[from an email to friends on 13 Aug 2003]
Okay, so the problem with all these ‘eye-candy’ music visualization programs
(stand-alone or part of iTunes, Winamp, XMMS, etc.) is that they have to go
thru the process of sleuthing out interesting ‘events’ in the audio, in
real-time, to act as triggers and modifiers for the visuals.
As we’ve all seen this is pretty hard (because the results mostly suck)
and they usually just devolve into the “twirly oscillosope with color fade”
effect. The time difference between audio and video signal must be very
small to be not noticable, meaning there’s not much time for real-time
analysis.
If instead there existed a visualizer that used a pre-computed ‘event track’
for a song, the visualizer could spend its time doing much more interesting
and meaningful things besides FFTs and such. And let’s say that there exists,
CDDB-style, various network- or disk-available caches of these ‘event tracks’
that the visualizer would search for before displaying pretty pictures.
Soon a whole community exists that creates and submits these event tracks
exists, just like how CDDB avalanched into usefulness because of the network
effects of having more CDs in its database.
What are these ‘event tracks’? At its simplest, I was imagining something
small (32 bits, one bit for a frequency band (each 1/4 octave wide say))
for each 100ms chunk of audio. Perhaps later we create extended events that
indicate something very high-level like ‘intro’, ‘verseA’, ‘bridge’,
‘chorus’, ‘break’, ‘drum solo’, etc.
How do we create these ‘event tracks’? For the simplest event type,
perhaps we start out with a very good (and thus not real-time) method of
analyzing audio into the 32 bins per 100ms. That would be a start.
Maybe we create a GUI that shows the audio with semi-transparent overlays of
what, where & when the algorithm thinks the bins should be and allows users
to nudge the events, clean them up, add the higher-level events
(“the chorus starts here, the break happens here”).
You may be thinking that at some point these ‘event tracks’ start looking
like MIDI data. Hey good idea, there’s another way we could pre-generate
the higher-level events, if we’re given a sufficiently accurate MIDI track
of a song (many MIDI files exist on the Net, would be interesting to see how
accurate they are when compared against the recording)

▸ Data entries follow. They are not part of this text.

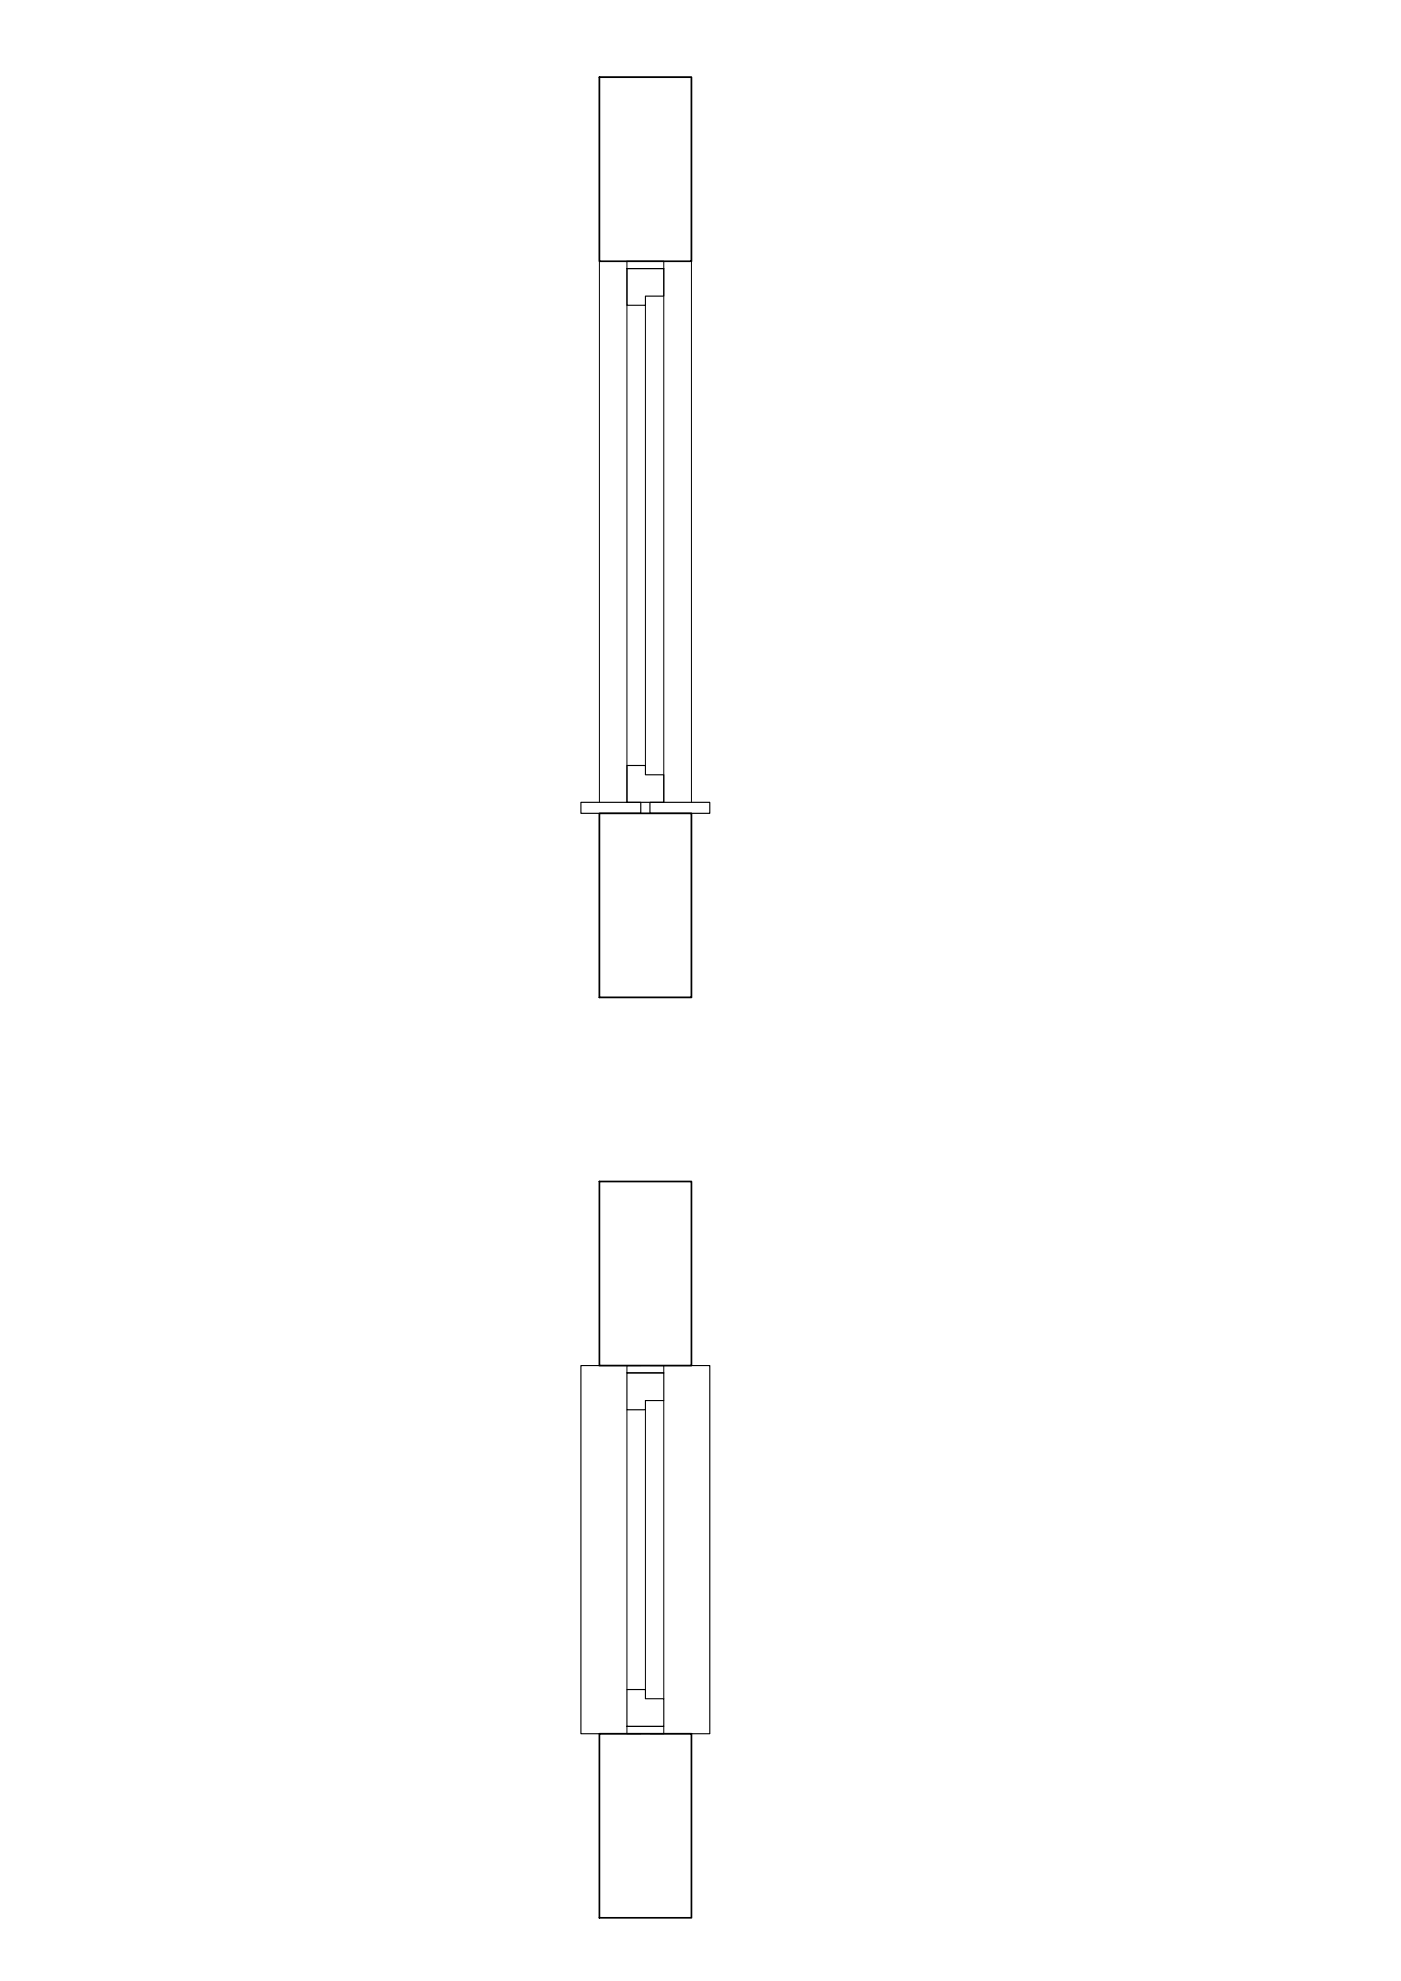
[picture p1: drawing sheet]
<svg xmlns="http://www.w3.org/2000/svg" width="420mm" height="594mm" viewBox="0 0 420 594" stroke-linecap="round" stroke-linejoin="round" font-family="sans-serif">
<!-- layer: foro -->
<path d="M179.8 240.6v-217.5h27.6v217.5M179.8 243.9v55.2h27.6v-55.2" fill="none" stroke="#000" stroke-width=".3"/>
<!-- layer: muro sez -->
<path d="M179.8 23.1h27.6v55.2h-27.6zM179.8 243.9h27.6v55.2h-27.6zM179.8 354.3h27.6v55.2h-27.6zM179.8 519.9h27.6v55.2h-27.6z" fill="none" stroke="#000" stroke-width=".51"/>
<!-- layer: controtelaio -->
<path d="M188 80.5v-2.2h11.1v2.2h-11.1v160.1M193.6 91.6v138M199.1 80.5v160.1M188 409.5h11.1v2.2h-11.1zM188 422.8v83.9M193.6 422.8v83.9M199.1 420v89.4M188 517.7h11.1v2.2h-11.1z" fill="none" stroke="#000" stroke-width=".3"/>
<!-- layer: lastre -->
<path d="M174.2 240.6h18v3.3h-18zM194.9 240.6h18v3.3h-18zM192.2 409.5h-18v110.4h18M194.9 409.5h18v110.4h-18" fill="none" stroke="#000" stroke-width=".34"/>
<!-- layer: telaio -->
<path d="M188 80.5h11.1v8.3h-5.5v2.8h-5.6zM188 229.6h5.6v2.8h5.5v8.2h-11.1zM188 411.7h11.1v8.3h-5.5v2.8h-5.6zM188 506.7h5.6v2.7h5.5v8.3h-11.1z" fill="none" stroke="#000" stroke-width=".34"/>
<!-- layer: 0 -->
<path d="M7.8 18.1v558.3" fill="none" stroke="#fff" stroke-width=".3"/>
</svg>
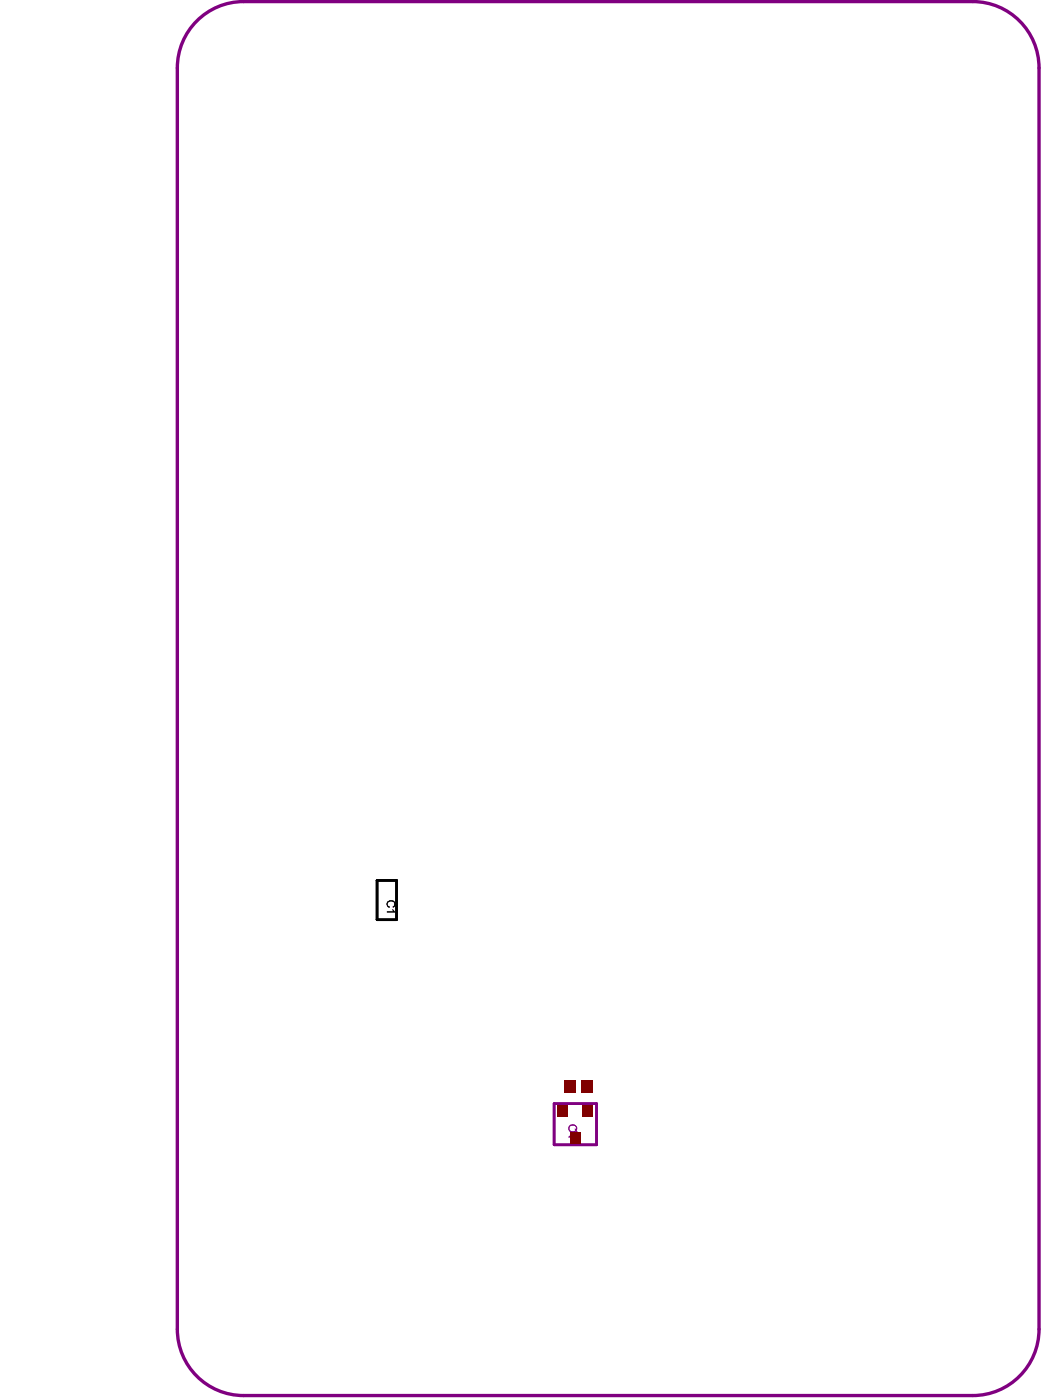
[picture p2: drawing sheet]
<svg xmlns="http://www.w3.org/2000/svg" width="261mm" height="351mm" viewBox="0 0 261 351" stroke-linecap="round" stroke-linejoin="round" font-family="sans-serif">
<path d="M138.9 276.7h10.6v10.3h-10.6z" fill="none" stroke="#800080" stroke-width=".66"/>
<g fill="#800080">
<path d="M143 284.4h.3l-.3 .5h1.7v.3h-2.2z"/>
<path d="M143 282.3a.81 .81 0 0 1 1 0 .81 .81 0 0 1 .3 .9l-.1-.2-.1 .1a.42 .42 0 0 1-.1 .5 .42 .42 0 0 1-.5 .1 .76 .76 0 0 1-.8-.5 .76 .76 0 0 1 .3-.9zM142.9 282l-.1 .1a1.11 1.11 0 0 0 0 1.6 1.11 1.11 0 0 0 1.6 0l.2 .3 .2-.1-.1-.2a.32 .32 0 0 1-.2-.2 .32 .32 0 0 1 .2-.4 1.16 1.16 0 0 0-.6-1.1 1.16 1.16 0 0 0-1.2 0z"/>
</g>
<path d="M94.5 220.7h4.9v9.9h-4.9z" fill="none" stroke="#000" stroke-width=".66"/>
<path d="M97 228.5h1.6l-.3-.3v-.2h.3l.5 .8h-2.1zM97.1 226l.8-.3a.98 .98 0 0 1 1.1 .7 .98 .98 0 0 1-.5 1.2l-.1-.3a.68 .68 0 0 0 .4-.9 .68 .68 0 0 0-.9-.4 .69 .69 0 0 0-.8 .6 .69 .69 0 0 0 .5 .7v.3a.94 .94 0 0 1-.7-.6 .94 .94 0 0 1 .2-1z" fill="#000"/>
<path d="M138.9 276.7h10.6v10.3h-10.6z" fill="none" stroke="#800080" stroke-width=".66"/>
<g fill="#800080">
<path d="M143 284.4h.3l-.3 .5h1.7v.3h-2.2z"/>
<path d="M143 282.3a.81 .81 0 0 1 1 0 .81 .81 0 0 1 .3 .9l-.1-.2-.1 .1a.42 .42 0 0 1-.1 .5 .42 .42 0 0 1-.5 .1 .76 .76 0 0 1-.8-.5 .76 .76 0 0 1 .3-.9zM142.9 282l-.1 .1a1.11 1.11 0 0 0 0 1.6 1.11 1.11 0 0 0 1.6 0l.2 .3 .2-.1-.1-.2a.32 .32 0 0 1-.2-.2 .32 .32 0 0 1 .2-.4 1.16 1.16 0 0 0-.6-1.1 1.16 1.16 0 0 0-1.2 0z"/>
</g>
<path d="M94.5 220.7h4.9v9.9h-4.9z" fill="none" stroke="#000" stroke-width=".66"/>
<path d="M97 228.5h1.6l-.3-.3v-.2h.3l.5 .8h-2.1zM97.1 226l.8-.3a.98 .98 0 0 1 1.1 .7 .98 .98 0 0 1-.5 1.2l-.1-.3a.68 .68 0 0 0 .4-.9 .68 .68 0 0 0-.9-.4 .69 .69 0 0 0-.8 .6 .69 .69 0 0 0 .5 .7v.3a.94 .94 0 0 1-.7-.6 .94 .94 0 0 1 .2-1z" fill="#000"/>
<path d="M49.9 4.7a16.5 16.5 0 0 1 11.2-4.3h182.7a16.6 16.6 0 0 1 16.6 16.6v316.3a16.6 16.6 0 0 1-16.6 16.6h-182.7a16.6 16.6 0 0 1-16.7-16.6v-316.3a16.6 16.6 0 0 1 5.5-12.3z" fill="none" stroke="#800080" stroke-width=".84"/>
<g fill="#800000">
<path d="M145.7 270.8h2.8v3.1h-2.8z" fill-rule="evenodd"/>
<path d="M141.4 270.8h2.8v3.2h-2.8z" fill-rule="evenodd"/>
<path d="M139.7 277h2.7v3h-2.7z" fill-rule="evenodd"/>
<path d="M146 277h2.7v3h-2.7z" fill-rule="evenodd"/>
<path d="M142.9 283.7h2.6v3h-2.6z" fill-rule="evenodd"/>
</g>
</svg>

And maybe as a value-add we include the lyrics too. Instant Karaoke with
trippy visuals!
Imagine what else one could do with an accurate ‘event track’ of a piece of
audio? Besides really nice visuals, a video-editing suite could import it as
a template for when (and what kind of) wipes or other video manipulations
should occur. Auto-editing of video! (well almost) DJs could find a use
for the events I’m sure.
Oh and how do we make money with it? Fuck if I know. Maybe we sell the
really kick-ass GUI event creation tools and leave the punters with the
command-line Perl modules. Maybe we use the event tracks as some sort of
digital signature that artists can use to determine which version of their
song gets out on the Net. (and thus who leaked it) Maybe like GPS we offer
the ‘low-res’ version to the public for free, but if you want the
higher-res/higher-quality version (for your DMX light system you’re using for
your nightclub or theater troupe) you gotta pay. Maybe we apply a special
super-secret algo that generates only high-level rhythm events and then sell
it to music producers with “Want to make your track have the same ‘feel’ as
the latest Beastie Boys track, just apply this event template!”